Identification documents are necessary in the modern world mainly because we deal with people each day whom we do not know. They are a substitute for a relationship of trust -- trust that the person you are dealing with is who he says he is. That relationship has now been reduced, in many cases, to a piece of laminated paper or plastic, and with a new life in the U.S. at stake, it is relationship that is ripe for abuse.

Illegal immigrants, and the people who procure their false documents, exploit the patchwork of state laws that define what identification cards look like. A New Jersey driver's license is a yellow piece of paper without a hologram, magnetic strip or even a photo of the person it states is the licensed driver. If there is such a thing as a forger's starter document, the New Jersey state driver's license is it. That may be why more than one of the September 11 hijackers held one. A social security card, the closest thing we have to a national identification card, is nothing more than a heavy piece of paper, printed in one color, with a watermark and a number typed in a common ink. As a matter of practice, it serves as the basis for driver's licenses, and when coupled with a birth certificate, can serve as the basis for a passport.

Last fall, talk of a national identification card was met with almost unanimous derision. For most critics, the idea of a national identification card was just a little too Orwellian for the America. But a standardized national I.D. could go a long way to combating the easily abused state laws that allow forgery to thrive. Immigrants from countries like Bulgaria, where citizens must carry their national identification with them, know that the U.S. does not have a cohesive identification system. Many come here knowing they can exploit the system.

"I'm as leery as the next guy of a national I.D. card, but it would almost immediately solve the problem of state identification standards that haven't changed since driver's licenses were first legislated," says Jones. "It would also help if we had better trained, or more honest, consular personnel."

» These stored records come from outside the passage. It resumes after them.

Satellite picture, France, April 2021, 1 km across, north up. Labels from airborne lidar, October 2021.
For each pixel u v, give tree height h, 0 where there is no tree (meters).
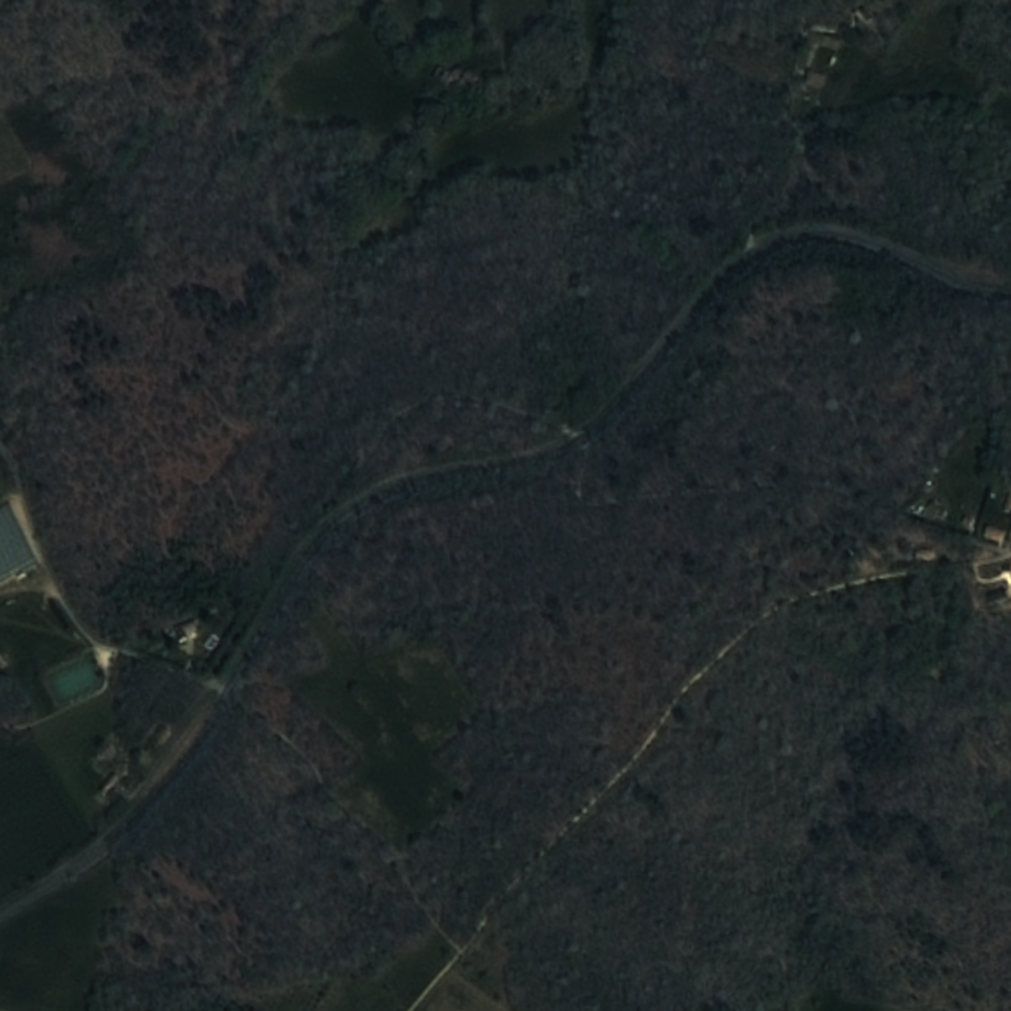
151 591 11
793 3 19
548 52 23
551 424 18
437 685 0
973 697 17
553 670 6
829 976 21
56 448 9
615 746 7
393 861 13
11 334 10
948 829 17
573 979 14
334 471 18
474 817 18
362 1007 0
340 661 0
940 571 15
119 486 13
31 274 7
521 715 10
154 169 14
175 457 9
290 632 15
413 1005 0
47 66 16
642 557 7
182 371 7
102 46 17
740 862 12
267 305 15
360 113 0
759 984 16
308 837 17
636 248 21
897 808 18
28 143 0
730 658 10
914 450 19
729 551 12
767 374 17
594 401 19
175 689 17
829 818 11
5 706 14
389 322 11
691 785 15
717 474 16
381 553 14
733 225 15
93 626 8
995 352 20
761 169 17
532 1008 9
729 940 12
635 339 22
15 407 16
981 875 18
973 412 14
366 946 11
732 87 15
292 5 7
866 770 28
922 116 23
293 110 0
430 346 7
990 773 16
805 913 16
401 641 17
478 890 7
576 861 9
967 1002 6
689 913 17
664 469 16
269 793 19
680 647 10
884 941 12
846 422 13
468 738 19
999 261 19
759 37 14
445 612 12
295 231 5
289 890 14
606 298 19
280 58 22
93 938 0
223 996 19
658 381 18
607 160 17
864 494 9
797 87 13
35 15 14
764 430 14
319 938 12
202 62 26
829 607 12
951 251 19
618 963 15
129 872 13
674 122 13
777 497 14
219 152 14
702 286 14
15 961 0
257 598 16
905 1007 13
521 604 12
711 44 7
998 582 0
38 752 0
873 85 0
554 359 18
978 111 16
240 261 15
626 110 16
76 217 6
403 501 15
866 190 17
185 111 14
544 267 21
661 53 16
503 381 17
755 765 16
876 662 18
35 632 0
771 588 15
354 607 14
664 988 16
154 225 10
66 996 0
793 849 18
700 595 11
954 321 17
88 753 0
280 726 7
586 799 14
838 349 11
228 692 0
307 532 19
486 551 12
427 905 14
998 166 22
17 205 0
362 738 0
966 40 16
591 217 16
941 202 22
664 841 12
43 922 0
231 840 16
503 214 16
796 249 13
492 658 10
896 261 16
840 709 14
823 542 13
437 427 9
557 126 0
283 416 9
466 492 19
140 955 19
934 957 7
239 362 8
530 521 12
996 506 0
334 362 11
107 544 9
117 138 13
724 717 18
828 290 18
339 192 14
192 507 8
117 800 10
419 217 14
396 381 13
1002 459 15
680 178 14
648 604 11
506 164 0
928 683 17
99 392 7
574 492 14
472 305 11
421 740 0
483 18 17
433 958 0
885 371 11
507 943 10
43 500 9
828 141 28
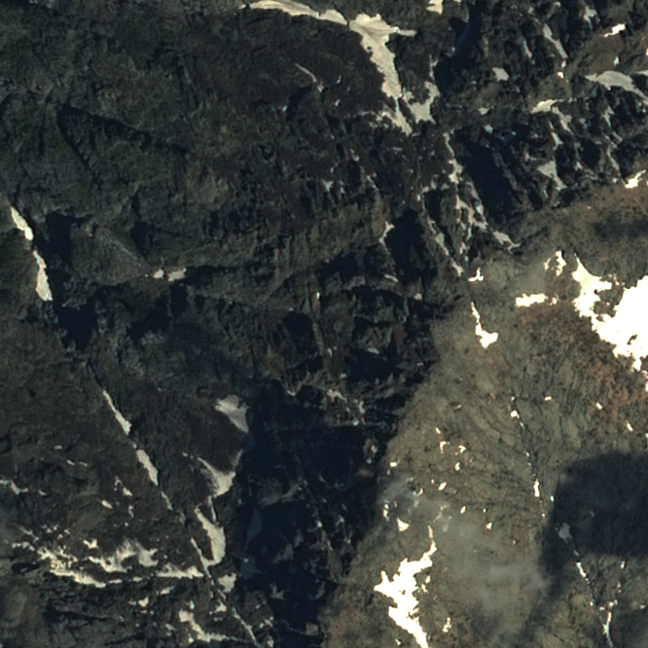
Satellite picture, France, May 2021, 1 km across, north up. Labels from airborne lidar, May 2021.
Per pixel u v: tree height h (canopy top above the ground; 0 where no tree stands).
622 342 0
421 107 0
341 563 0
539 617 0
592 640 0
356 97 9
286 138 0
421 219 0
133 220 0
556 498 0
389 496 0
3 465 7
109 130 15
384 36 0
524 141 0
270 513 0
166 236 0
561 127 0
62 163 0
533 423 0
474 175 0
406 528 0
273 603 0
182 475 0
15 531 0
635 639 0
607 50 0
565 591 0
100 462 7
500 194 0
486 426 0
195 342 0
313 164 8
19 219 0
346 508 0
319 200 0
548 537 0
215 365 0
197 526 0
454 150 0
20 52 7
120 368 0
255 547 0
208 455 7
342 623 0
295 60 8
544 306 0
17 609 0
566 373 0
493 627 0
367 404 0
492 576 0
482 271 0
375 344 0
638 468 0
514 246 0
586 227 0
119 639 0
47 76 0
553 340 0
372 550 0
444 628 0
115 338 0
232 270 0
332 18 0
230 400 0
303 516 0
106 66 0
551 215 0
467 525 0
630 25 0
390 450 0
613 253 0
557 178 0
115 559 6
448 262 0
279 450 0
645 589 0
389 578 0
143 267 0
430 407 0
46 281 0
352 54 7
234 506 7
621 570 0
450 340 0
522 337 0
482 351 0
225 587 0
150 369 0
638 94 0
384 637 0
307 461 0
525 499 0
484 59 0
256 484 0
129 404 0
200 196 0
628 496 0
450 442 0
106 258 0
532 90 0
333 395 0
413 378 0
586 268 0
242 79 8
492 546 0
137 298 9
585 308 0
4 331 0
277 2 0
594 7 0
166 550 0
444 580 0
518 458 0
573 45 0
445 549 0
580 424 0
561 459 0
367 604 0
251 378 0
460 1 0
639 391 0
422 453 0
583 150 0
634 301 0
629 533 0
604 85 0
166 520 0
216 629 0
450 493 0
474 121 0
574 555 0
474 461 0
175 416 0
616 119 0
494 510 0
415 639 0
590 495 0
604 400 0
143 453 0
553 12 0
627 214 0
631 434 0
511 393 0
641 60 0
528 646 0
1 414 6
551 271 0
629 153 0
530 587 0
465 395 0
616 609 0
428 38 0
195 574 0
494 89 0

False identification documents do more than allow illegal immigrants to mount a new immigration case under an assumed identity if they've been ordered deported in the past. They allow illegal immigrants to slide past local authorities in the thousands of encounters we all have with them: at license and registration checks near toll plazas and DWI checks, while opening a bank account, while boarding a plane. An unforgable national identification card would at least give local authorities a legitimate basis for further inquiry if a person they came in contact with lacked such identification.

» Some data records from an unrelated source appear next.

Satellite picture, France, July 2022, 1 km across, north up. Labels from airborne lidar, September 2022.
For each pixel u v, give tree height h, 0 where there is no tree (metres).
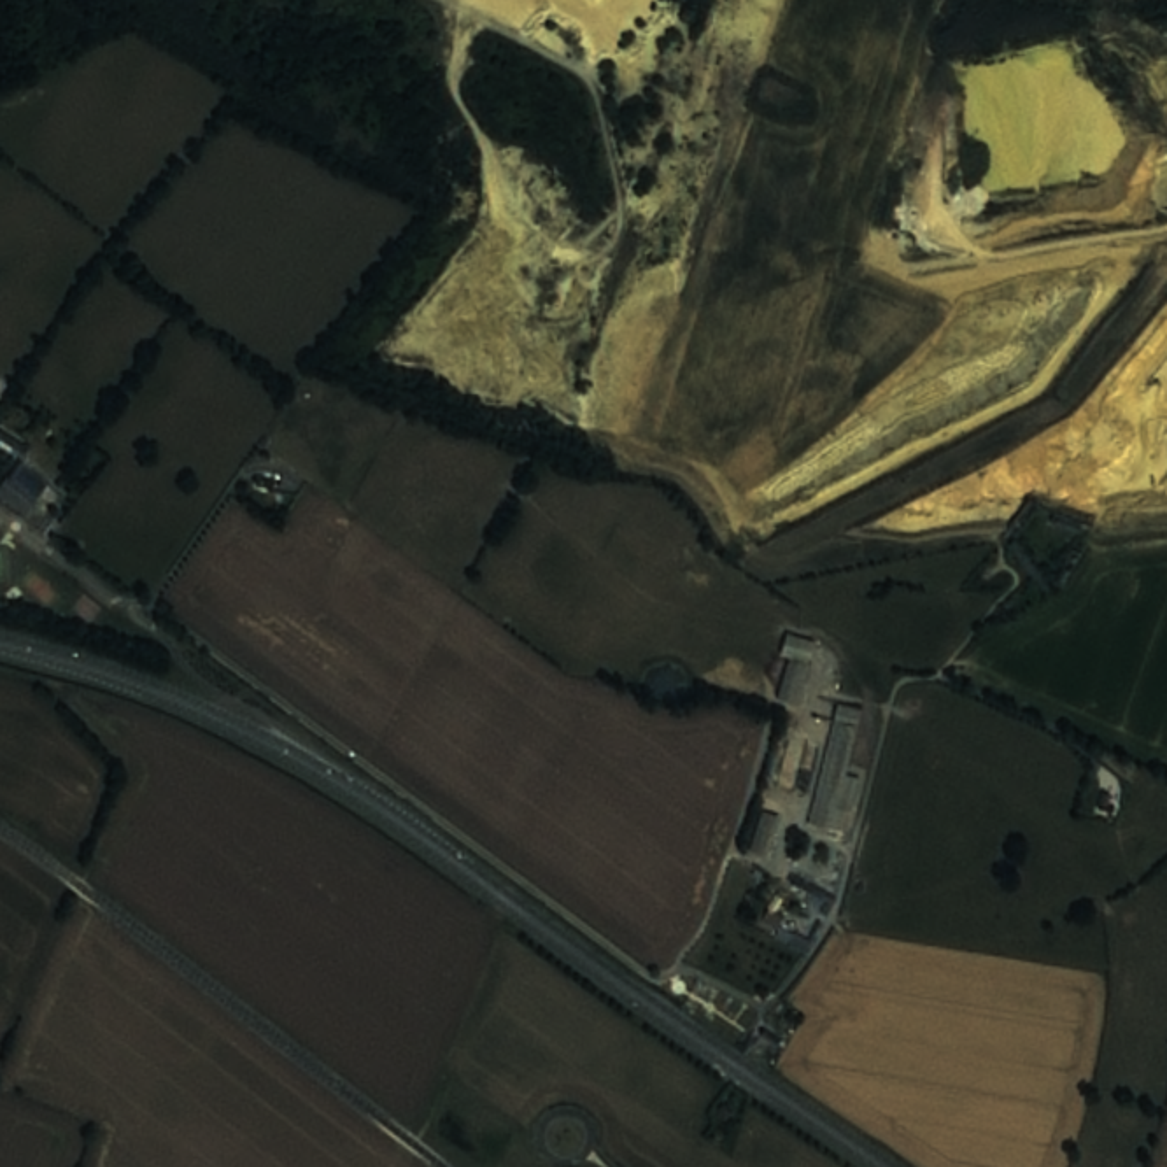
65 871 0
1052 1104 0
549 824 0
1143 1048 0
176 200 0
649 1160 0
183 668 0
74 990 0
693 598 0
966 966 0
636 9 0
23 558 0
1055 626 0
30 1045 0
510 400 0
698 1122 0
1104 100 0
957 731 0
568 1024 0
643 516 0
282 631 0
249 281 0
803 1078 0
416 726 0
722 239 0
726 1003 0
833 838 0
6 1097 0
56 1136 0
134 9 8
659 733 0
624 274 0
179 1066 0
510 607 0
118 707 0
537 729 0
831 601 0
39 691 11
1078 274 0
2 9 10
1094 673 0
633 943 0
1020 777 0
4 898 0
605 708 0
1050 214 0
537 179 0
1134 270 0
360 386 8
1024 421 0
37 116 0
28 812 0
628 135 6
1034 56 0
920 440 0
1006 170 0
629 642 0
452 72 0
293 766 0
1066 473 0
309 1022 0
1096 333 0
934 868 0
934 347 0
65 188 0
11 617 18
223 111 9
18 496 0
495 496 0
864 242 0
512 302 0
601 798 0
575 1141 0
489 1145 0
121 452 0
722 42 0
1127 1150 0
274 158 0
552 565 0
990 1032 0
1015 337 0
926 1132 0
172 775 0
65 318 9
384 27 10
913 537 0
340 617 0
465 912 0
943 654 0
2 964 0
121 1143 0
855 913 0
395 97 7
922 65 0
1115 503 0
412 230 8
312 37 10
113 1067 0
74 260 0
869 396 0
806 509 0
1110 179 0
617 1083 0
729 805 0
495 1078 0
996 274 0
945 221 0
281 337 0
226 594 0
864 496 0
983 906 0
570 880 0
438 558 0
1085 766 7
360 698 0
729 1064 0
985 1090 0
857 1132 0
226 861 0
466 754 0
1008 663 0
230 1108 0
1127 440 0
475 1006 0
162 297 14
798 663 0
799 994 0
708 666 0
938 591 0
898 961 0
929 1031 0
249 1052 0
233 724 0
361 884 0
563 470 8
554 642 0
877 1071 0
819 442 0
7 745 0
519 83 0
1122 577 0
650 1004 0
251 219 0
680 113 0
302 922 0
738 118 0
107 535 0
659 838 0
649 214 0
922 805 0
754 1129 0
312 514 0
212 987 0
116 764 16
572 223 0
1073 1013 0
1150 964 0
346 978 0
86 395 0
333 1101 0
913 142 0
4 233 0
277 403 11
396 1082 0
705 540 14
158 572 0
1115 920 0
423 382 7
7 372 0
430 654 0
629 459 0
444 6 0
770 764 7
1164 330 0
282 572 0
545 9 0
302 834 0
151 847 0
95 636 16
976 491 0
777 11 0
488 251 0
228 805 0
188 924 0
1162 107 0
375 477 0
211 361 0
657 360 0
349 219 0
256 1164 0
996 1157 0
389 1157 0
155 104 0
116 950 0
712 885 0
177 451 0
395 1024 0
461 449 0
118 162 0
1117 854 0
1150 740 0
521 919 0
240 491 6
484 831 0
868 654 0
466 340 0
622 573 0
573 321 0
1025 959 0
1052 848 0
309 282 0
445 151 8

Mohammed made a hasty departure after I withdrew as his counsel. Quite some time later, I spotted him on the street. I can only assume he was able to convince another lawyer that his asylum case was legitimate--and probably learned from his experience with me to keep his past to himself. Of course, I can only speculate. I didn't get the chance to ask. When Mohammed saw me, he took off swiftly out of sight.

Matt Hayes began practicing immigration law shortly after graduating from Pace University School of Law in 1994. He founded his own New York City firm in 1997, specializing in immigration law and representing new immigrants in civil and criminal matters. He recently left the practice for the "more normal life" of insurance defense. He lives in Bergen County, N.J.